> Supplied information
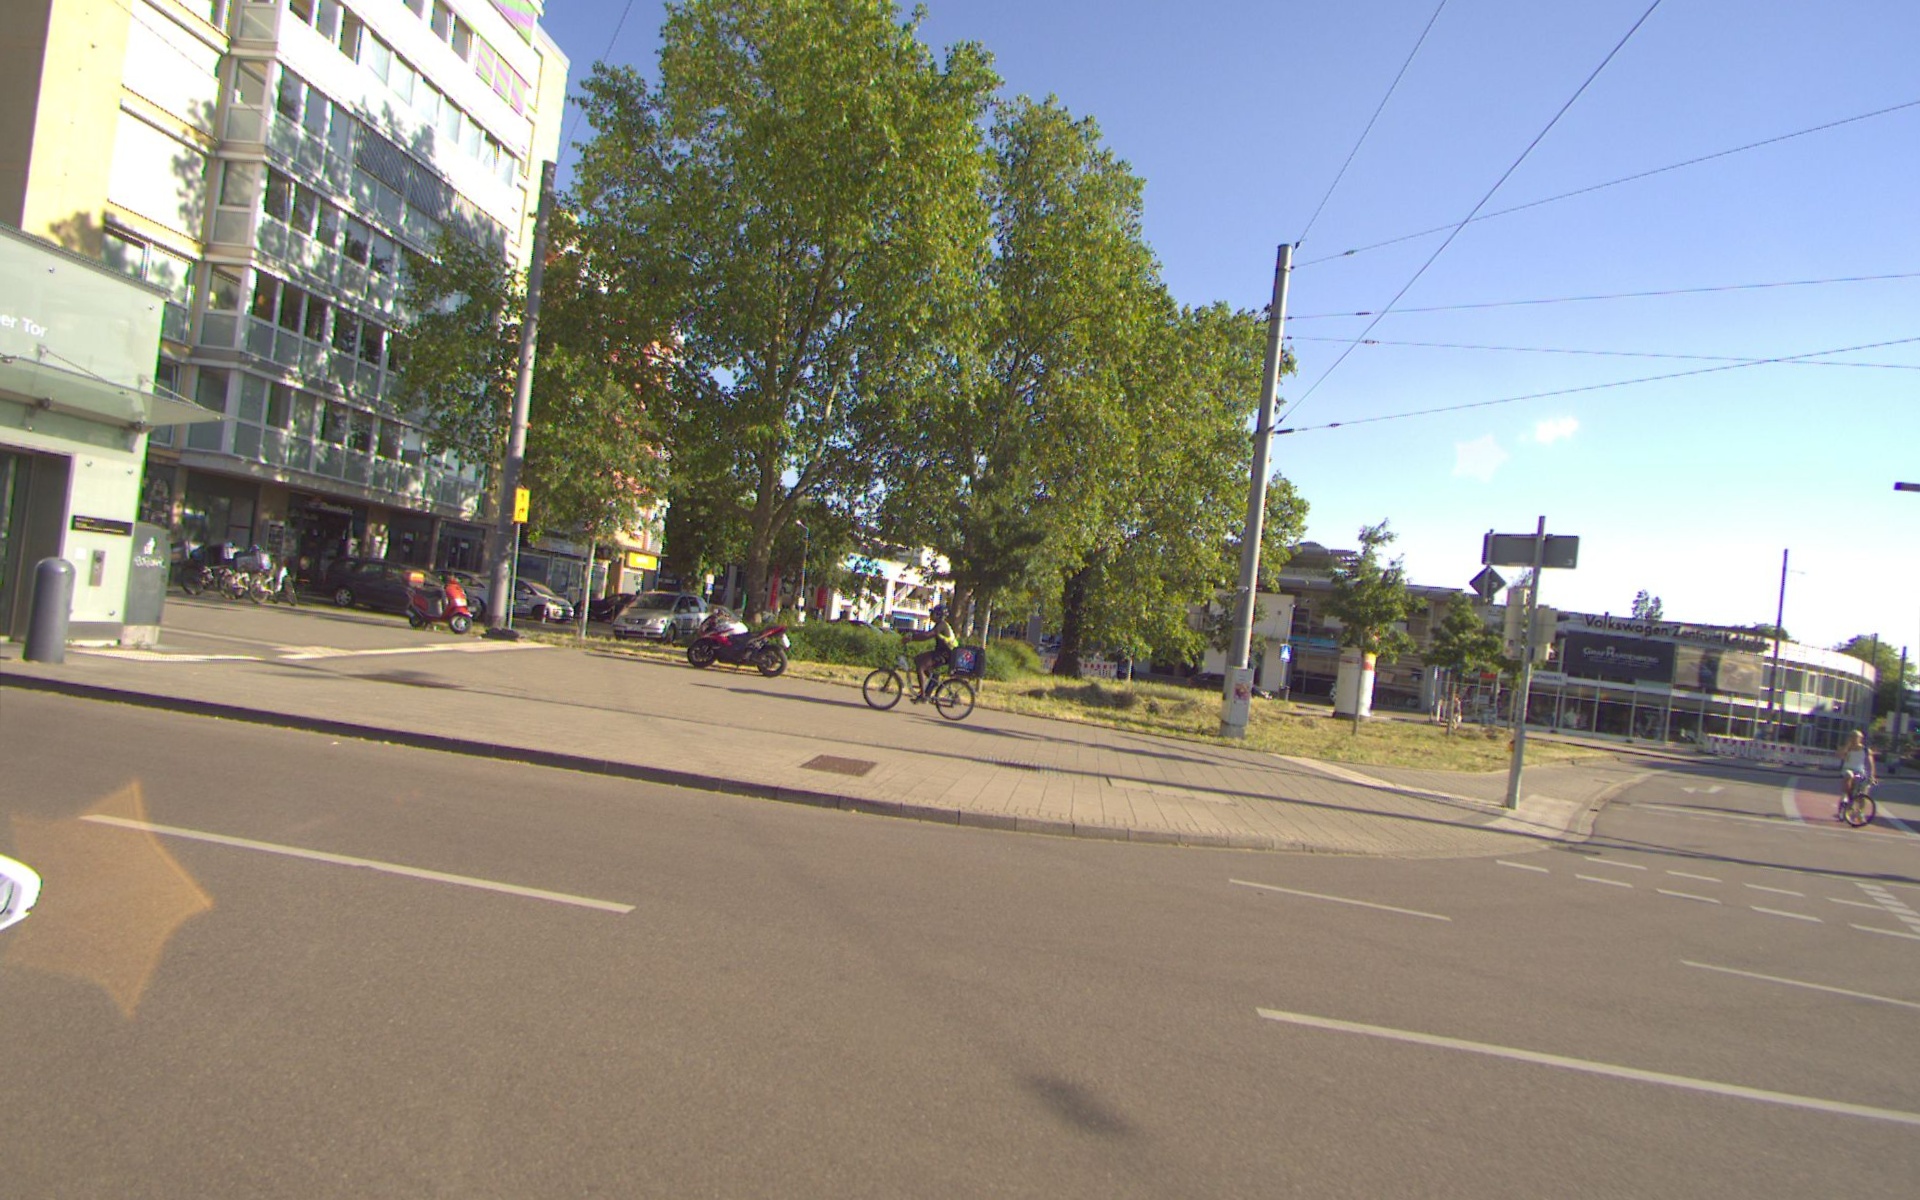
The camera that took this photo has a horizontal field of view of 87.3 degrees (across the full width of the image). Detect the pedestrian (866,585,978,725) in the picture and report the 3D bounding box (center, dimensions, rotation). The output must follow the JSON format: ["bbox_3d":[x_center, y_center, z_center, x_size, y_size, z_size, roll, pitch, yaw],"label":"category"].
[{"bbox_3d":[-0.606,0.899,16.473,1.247,2.038,1.034,9,1,20],"label":"pedestrian"}]

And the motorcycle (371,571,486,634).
[{"bbox_3d":[-10.631,0.053,20.170,1.769,1.059,0.881,6,0,5],"label":"motorcycle"}]

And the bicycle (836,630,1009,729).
[{"bbox_3d":[-0.606,1.271,16.481,2.484,1.137,1.034,10,0,20],"label":"bicycle"}]

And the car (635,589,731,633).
[{"bbox_3d":[-13.470,0.550,49.048,3.925,1.437,1.857,10,0,8],"label":"car"}]

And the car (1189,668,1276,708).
[{"bbox_3d":[14.586,4.701,53.883,4.095,1.353,1.752,10,0,28],"label":"car"}]

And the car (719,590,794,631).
[{"bbox_3d":[-12.388,0.640,61.342,3.925,1.801,1.857,10,0,8],"label":"car"}]

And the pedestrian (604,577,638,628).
[{"bbox_3d":[-13.173,0.114,39.160,0.739,1.888,0.832,7,-1,11],"label":"pedestrian"}]

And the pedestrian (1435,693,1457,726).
[{"bbox_3d":[24.545,5.529,50.856,0.710,1.533,0.832,7,-1,16],"label":"pedestrian"}]

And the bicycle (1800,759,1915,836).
[{"bbox_3d":[17.995,3.926,20.249,1.016,1.136,2.529,5,-2,27],"label":"bicycle"}]

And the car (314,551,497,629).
[{"bbox_3d":[-15.913,-0.279,29.002,4.149,1.500,1.857,10,0,4],"label":"car"}]

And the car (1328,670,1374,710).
[{"bbox_3d":[23.827,5.479,61.220,1.965,2.037,3.997,10,0,28],"label":"car"}]

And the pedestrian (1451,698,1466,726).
[{"bbox_3d":[25.094,5.623,50.635,0.404,1.330,0.573,7,0,16],"label":"pedestrian"}]

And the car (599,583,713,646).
[{"bbox_3d":[-9.573,0.482,32.010,1.885,1.719,4.002,5,-1,7],"label":"car"}]

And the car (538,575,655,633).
[{"bbox_3d":[-14.823,0.181,41.134,3.925,1.654,1.857,10,0,8],"label":"car"}]

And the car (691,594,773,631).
[{"bbox_3d":[-12.808,0.718,56.556,3.925,1.437,1.857,10,0,8],"label":"car"}]

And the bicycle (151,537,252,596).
[{"bbox_3d":[-18.479,-0.795,24.567,0.800,1.264,1.998,6,0,2],"label":"bicycle"}]

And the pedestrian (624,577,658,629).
[{"bbox_3d":[-12.368,0.113,38.980,0.739,1.888,0.832,7,-1,11],"label":"pedestrian"}]

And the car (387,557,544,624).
[{"bbox_3d":[-15.590,-0.276,31.810,3.925,1.437,1.857,10,0,8],"label":"car"}]

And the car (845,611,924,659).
[{"bbox_3d":[-4.226,1.938,56.626,3.926,2.023,1.857,10,0,5],"label":"car"}]

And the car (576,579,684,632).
[{"bbox_3d":[-14.514,0.258,44.389,3.925,1.654,1.857,10,0,8],"label":"car"}]

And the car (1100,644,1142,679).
[{"bbox_3d":[10.749,4.092,67.405,1.768,1.530,3.991,9,4,-3],"label":"car"}]

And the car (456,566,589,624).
[{"bbox_3d":[-16.075,-0.149,37.055,3.925,1.437,1.857,10,0,8],"label":"car"}]

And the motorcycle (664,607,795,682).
[{"bbox_3d":[-4.342,0.829,19.131,2.243,1.087,1.039,8,0,-8],"label":"motorcycle"}]

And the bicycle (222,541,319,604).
[{"bbox_3d":[-16.582,-0.625,24.280,0.800,1.362,1.998,6,0,2],"label":"bicycle"}]

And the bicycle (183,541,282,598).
[{"bbox_3d":[-17.556,-0.717,24.347,0.800,1.215,1.998,6,0,2],"label":"bicycle"}]

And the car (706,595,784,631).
[{"bbox_3d":[-12.681,0.761,59.398,3.925,1.437,1.857,10,0,8],"label":"car"}]

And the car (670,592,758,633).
[{"bbox_3d":[-12.946,0.669,53.067,3.925,1.437,1.857,10,0,8],"label":"car"}]

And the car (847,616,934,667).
[{"bbox_3d":[-3.503,2.089,51.189,3.926,1.891,1.857,10,0,5],"label":"car"}]

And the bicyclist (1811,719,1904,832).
[{"bbox_3d":[18.054,3.491,20.268,1.016,2.037,1.143,5,-1,27],"label":"bicyclist"}]

> Task to complete
Lines from the one with "And the car (847,616,934,667)." through the last line above must be printed exactly; no other line is to appear.

> Task result
And the car (847,616,934,667).
[{"bbox_3d":[-3.503,2.089,51.189,3.926,1.891,1.857,10,0,5],"label":"car"}]

And the bicyclist (1811,719,1904,832).
[{"bbox_3d":[18.054,3.491,20.268,1.016,2.037,1.143,5,-1,27],"label":"bicyclist"}]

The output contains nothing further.